[Data extracts]:
━━━

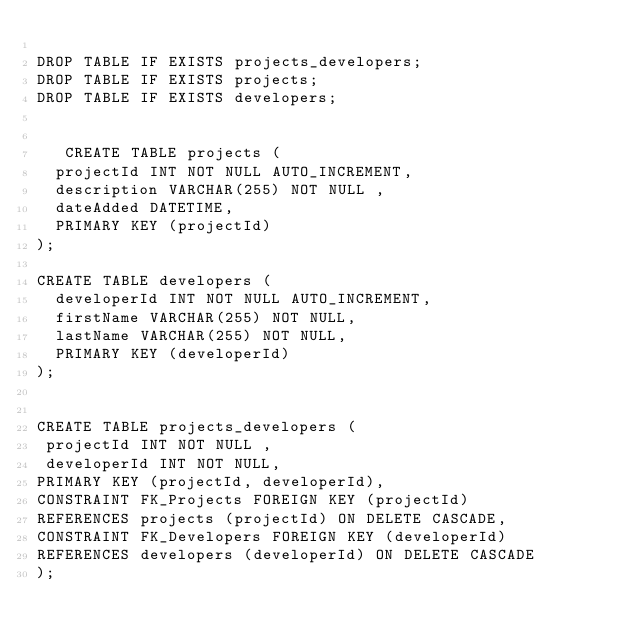Convert code to text. <code><loc_0><loc_0><loc_500><loc_500><_SQL_>
DROP TABLE IF EXISTS projects_developers;
DROP TABLE IF EXISTS projects;
DROP TABLE IF EXISTS developers;


   CREATE TABLE projects (
  projectId INT NOT NULL AUTO_INCREMENT,
  description VARCHAR(255) NOT NULL ,
  dateAdded DATETIME,
  PRIMARY KEY (projectId)
);

CREATE TABLE developers (
  developerId INT NOT NULL AUTO_INCREMENT,
  firstName VARCHAR(255) NOT NULL,
  lastName VARCHAR(255) NOT NULL,
  PRIMARY KEY (developerId)
);


CREATE TABLE projects_developers (
 projectId INT NOT NULL ,
 developerId INT NOT NULL,
PRIMARY KEY (projectId, developerId),
CONSTRAINT FK_Projects FOREIGN KEY (projectId)
REFERENCES projects (projectId) ON DELETE CASCADE,
CONSTRAINT FK_Developers FOREIGN KEY (developerId)
REFERENCES developers (developerId) ON DELETE CASCADE
);</code> 
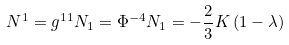Convert formula to latex. <formula><loc_0><loc_0><loc_500><loc_500>N ^ { 1 } = g ^ { 1 1 } N _ { 1 } = \Phi ^ { - 4 } N _ { 1 } = - \frac { 2 } { 3 } K \left ( 1 - \lambda \right )</formula> 
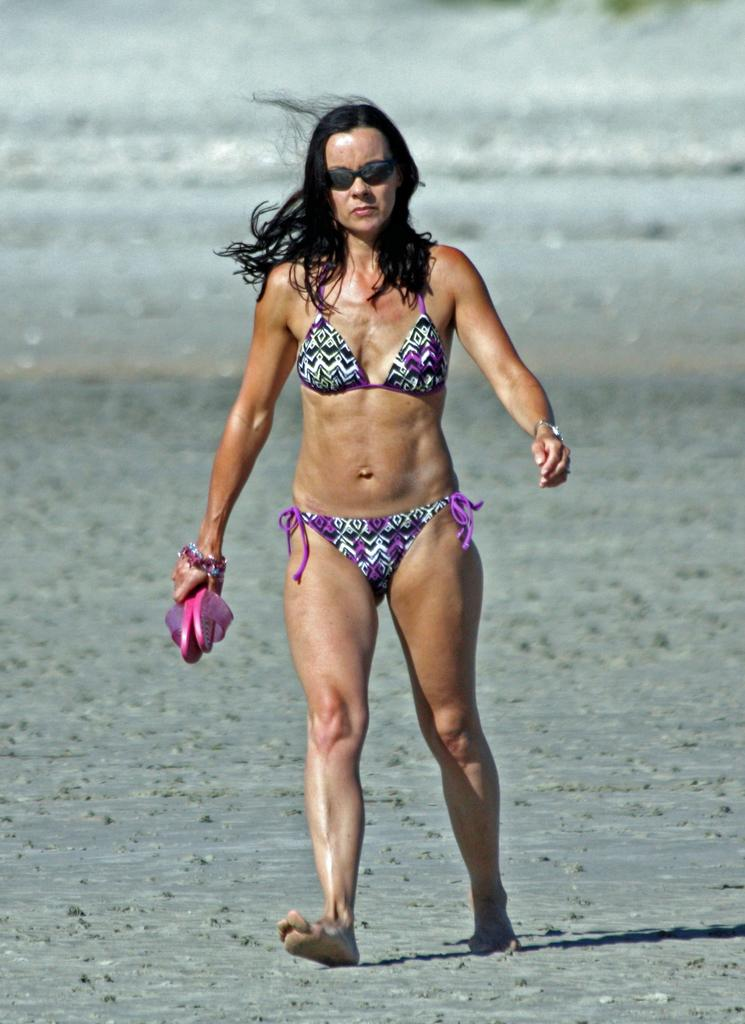What is happening in the image? There is a person in the image, and they are walking on the ground. What is the person holding in the image? The person is holding a footwear. What type of nose can be seen on the quince in the image? There is no quince or nose present in the image; it features a person walking and holding a footwear.

━━━

The material above is to be repeated word for word, with no images kept.

Convert code to text. <code><loc_0><loc_0><loc_500><loc_500><_SQL_>
DROP TABLE IF EXISTS projects_developers;
DROP TABLE IF EXISTS projects;
DROP TABLE IF EXISTS developers;


   CREATE TABLE projects (
  projectId INT NOT NULL AUTO_INCREMENT,
  description VARCHAR(255) NOT NULL ,
  dateAdded DATETIME,
  PRIMARY KEY (projectId)
);

CREATE TABLE developers (
  developerId INT NOT NULL AUTO_INCREMENT,
  firstName VARCHAR(255) NOT NULL,
  lastName VARCHAR(255) NOT NULL,
  PRIMARY KEY (developerId)
);


CREATE TABLE projects_developers (
 projectId INT NOT NULL ,
 developerId INT NOT NULL,
PRIMARY KEY (projectId, developerId),
CONSTRAINT FK_Projects FOREIGN KEY (projectId)
REFERENCES projects (projectId) ON DELETE CASCADE,
CONSTRAINT FK_Developers FOREIGN KEY (developerId)
REFERENCES developers (developerId) ON DELETE CASCADE
);</code> 
Convert formula to latex. <formula><loc_0><loc_0><loc_500><loc_500>N ^ { 1 } = g ^ { 1 1 } N _ { 1 } = \Phi ^ { - 4 } N _ { 1 } = - \frac { 2 } { 3 } K \left ( 1 - \lambda \right )</formula> 
What is happening in the image? There is a person in the image, and they are walking on the ground. What is the person holding in the image? The person is holding a footwear. What type of nose can be seen on the quince in the image? There is no quince or nose present in the image; it features a person walking and holding a footwear.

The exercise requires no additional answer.